# Butterfly Theorem Proved by Projection

Hubert Shutrick
August 2012

This theorem is stated and proved elsewhere.

The horizontal strut of the kite is a segment PQ of the x-axis with midpoint the origin O and its vertical strut is a segment RS of the y-axis with R above and S below O . The line AOB has A on PR and B on QS and the line COD has C on RQ and D on PS . The lines AD and BC intersect PQ at X and Y . The theorem states that XO = OY .

It can be changed into an incidence theorem by reflecting the right-hand side into the left-hand side through the point O as illustrated. It is now required to show that AD, PO, B'C' concur.

For fixed AO , consider the projectivity that takes X to Y' as follows: project PO onto PS by the point A ; project PS to PR' by O ; project PR' to PO by B' .

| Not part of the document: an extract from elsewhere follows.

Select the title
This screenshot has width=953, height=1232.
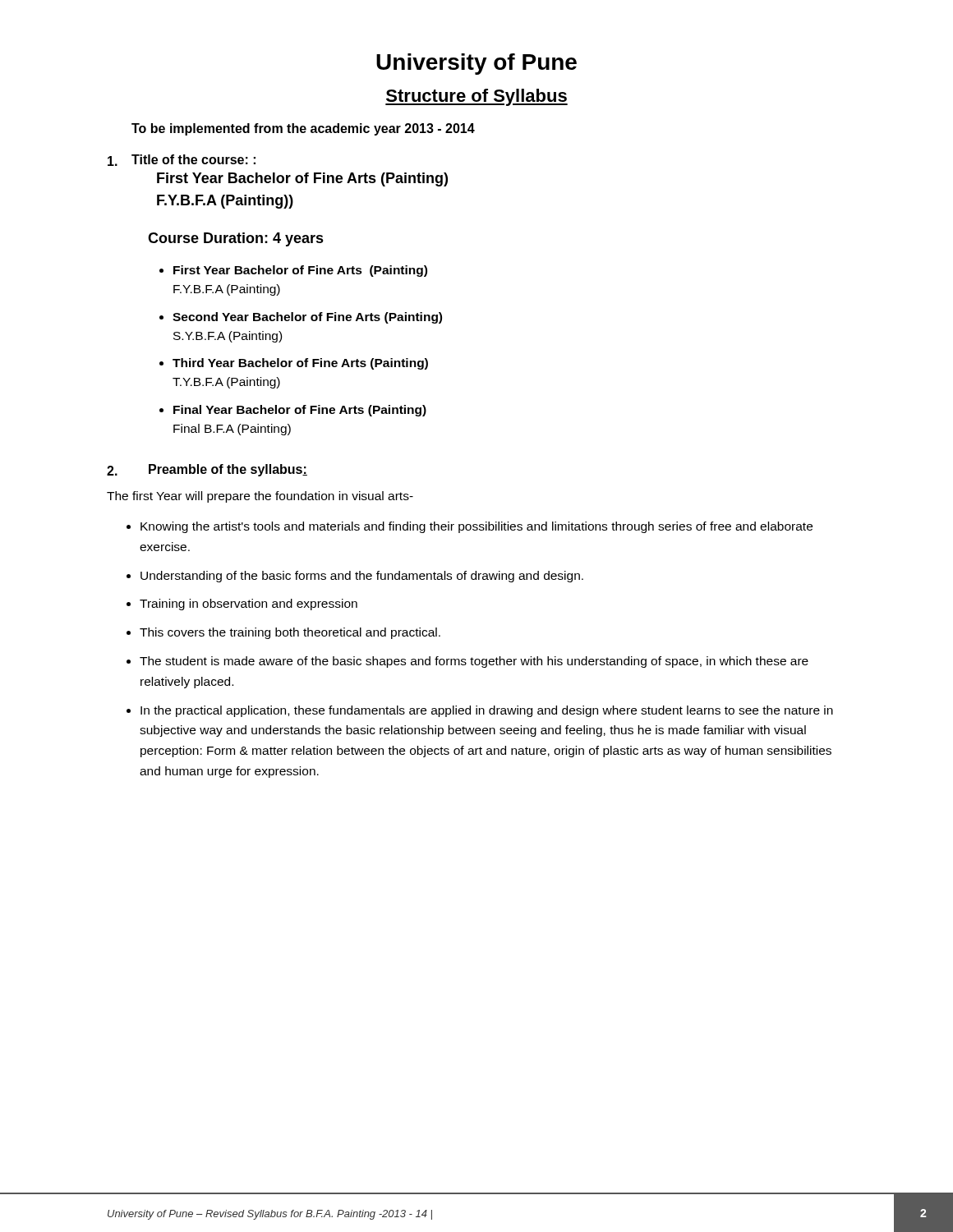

In the special case when X is chosen such that DC' is the reflection of B'A in PO it is obvious that it goes to itself, if X=O , then it goes to points along the line AO and back to O and, if X=P , then it just remains there for each projection. However, a projectivity is uniquely determined by images of three points so this one is the identity and Y'=X .

The same method can be used to prove the theorem directly, without the reflection in O. For fixed AB, define a projectivity by three projections that takes X to Y and note that it leaves O fixed and takes P to Q and, if X is the point so that the diagram is the symmetrical about RS, then OX = OY. Since the projectivity agrees with the involution that reflects in RS for three positions of X, it must coincide with the involution.